References are slightly different, but for most intents and purposes it is used identically once it has been declared.
There is slightly different behavior from a reference, let me try to explain.
In your example 'i' represents a piece of memory. 'i' owns that piece of memory -- the compiler reserves it when 'i' is declared, and it is no longer valid (and in the case of a class it is destroyed) when 'i' goes out of scope.
However 'r' does not own it's own piece of memory, it represents the same piece of memory as 'i'. No memory is reserved for it when it is declared, and when it goes out of scope it does not cause the memory to be invalid, nor will it call the destructor if 'r' was a class. If 'i' somehow goes out of scope and is destroyed while 'r' is not, 'r' will no longer represent a valid piece of memory.
For example:
class foo
{
public:
int& r;
foo(int& i) : r(i) {};
}
void bar()
{
foo* pFoo;
if(true)
{
int i=0;
pFoo = new foo(i);
}
pFoo->r=1; // r no longer refers to valid memory
}
This may seem contrived, but with an object factory pattern you could easily end up with something similar if you were careless.

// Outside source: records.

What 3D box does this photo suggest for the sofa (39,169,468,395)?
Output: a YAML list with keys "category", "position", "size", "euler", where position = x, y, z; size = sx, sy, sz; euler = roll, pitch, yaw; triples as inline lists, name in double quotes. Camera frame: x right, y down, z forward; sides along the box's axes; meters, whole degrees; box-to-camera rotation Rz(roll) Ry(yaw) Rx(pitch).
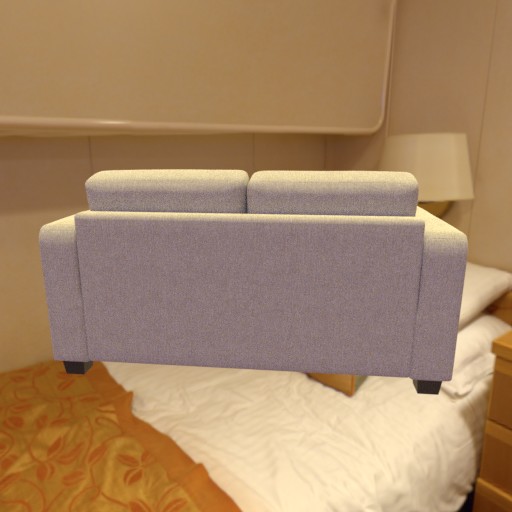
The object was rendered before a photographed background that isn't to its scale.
- category: "sofa"
  position: [0.000, 0.000, 2.008]
  size: [1.540, 0.800, 0.900]
  euler: [2, 15, 6]
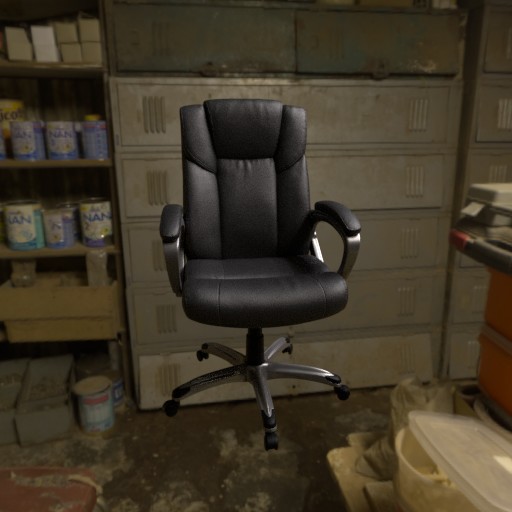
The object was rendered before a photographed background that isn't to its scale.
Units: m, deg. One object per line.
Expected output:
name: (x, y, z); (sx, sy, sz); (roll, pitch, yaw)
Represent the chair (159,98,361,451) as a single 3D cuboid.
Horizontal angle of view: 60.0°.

I prefer to think of references as being most similar to pointers during creation and destruction, and most similar to a normal variable type during usage.

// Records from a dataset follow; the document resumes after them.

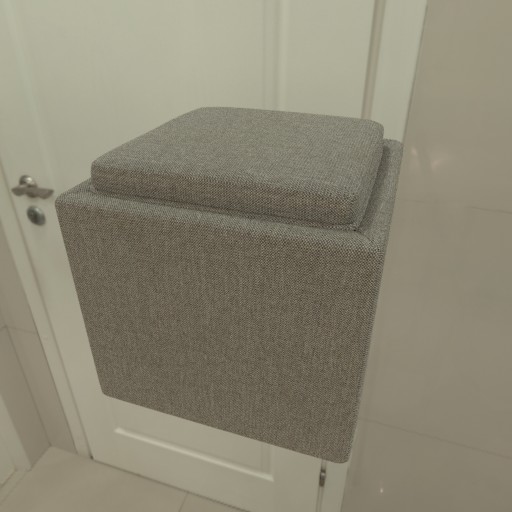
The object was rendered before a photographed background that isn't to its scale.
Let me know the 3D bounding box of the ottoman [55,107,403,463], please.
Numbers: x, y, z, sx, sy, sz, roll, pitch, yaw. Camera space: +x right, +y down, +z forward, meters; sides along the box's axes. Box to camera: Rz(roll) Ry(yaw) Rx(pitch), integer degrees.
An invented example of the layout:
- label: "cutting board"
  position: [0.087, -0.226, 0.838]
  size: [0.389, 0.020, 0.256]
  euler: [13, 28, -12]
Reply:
- label: "ottoman"
  position: [0.000, 0.000, 0.813]
  size: [0.450, 0.460, 0.450]
  euler: [10, 32, 16]

There are other minor gotchas with references, but IMO this is the big one.
The Reference is an alias of an object. i.e alternate name of an object. Read this article for more information - http://www.parashift.com/c++-faq-lite/references.html
A reference is an alias for an existing object.
Yep - a reference should be thought of as an alias for a variable, which is why you can't reassign them like you can reassign pointers (and also means that, even in the case of a non-optimizing compiler, you won't take up any additional storage space).
When used outside of function arguments, references are mostly useful to serve as shorthands for very->deeply->nested.structures->and.fields :)
C++ references differ from pointers in
several essential ways:
It is not possible to refer directly to a reference object
after it is defined; any occurrence of its name refers directly to the
object it references.
Once a reference is created, it cannot be later made to reference
another object; it cannot be reseated. This is often done with pointers.
References cannot be null, whereas pointers can; every reference
refers to some object, although it may or may not be valid.
References cannot be uninitialized. Because it is impossible to reinitialize a
reference, they must be initialized as soon as they are created. In particular, local and global variables must be initialized where they are defined, and references which are data members of class instances must be initialized in the initializer list of the class's constructor.
From Here.
The syntax int &r=i; creates another name i.e. r for variable i.hence we say that r is reference to i.if you access value of r,then r=0.Remember Reference is moreover a direct connection as its just another name for same memory location.
You are writing definitions here, with initializations. That means that you're refering to code like this:
void foo() {
int i = 0;
int& r = i;
}
but not
class bar {
int m_i;
int& m_r;
bar() : i(0), r(i) { }
};
The distinction matters. For instance, you can talk of the effects that m_i and m_r have on sizeof(bar) but there's no equivalent sizeof(foo).
Now, when it comes to using i and r, you can distinguish a few different situations:
Reading, i.e. int anotherInt = r;
Writing, i.e. r = 5
Passing to a function taking an int, i.e. void baz(int); baz(r);
Passing to a function taking an int&, i.e. void baz(int&); baz(r);
Template argument deduction, i.e. template<typename T> void baz(T); baz(r);
As the argument of sizeof, i.e. sizeof(r)
In these cases, they're identical. But there is one very important distinction:
std::string s = std::string("hello");
std::string const& cr = std::string("world");
The reference extends the lifetime of the temporary it's bound to, but the first line makes its a copy.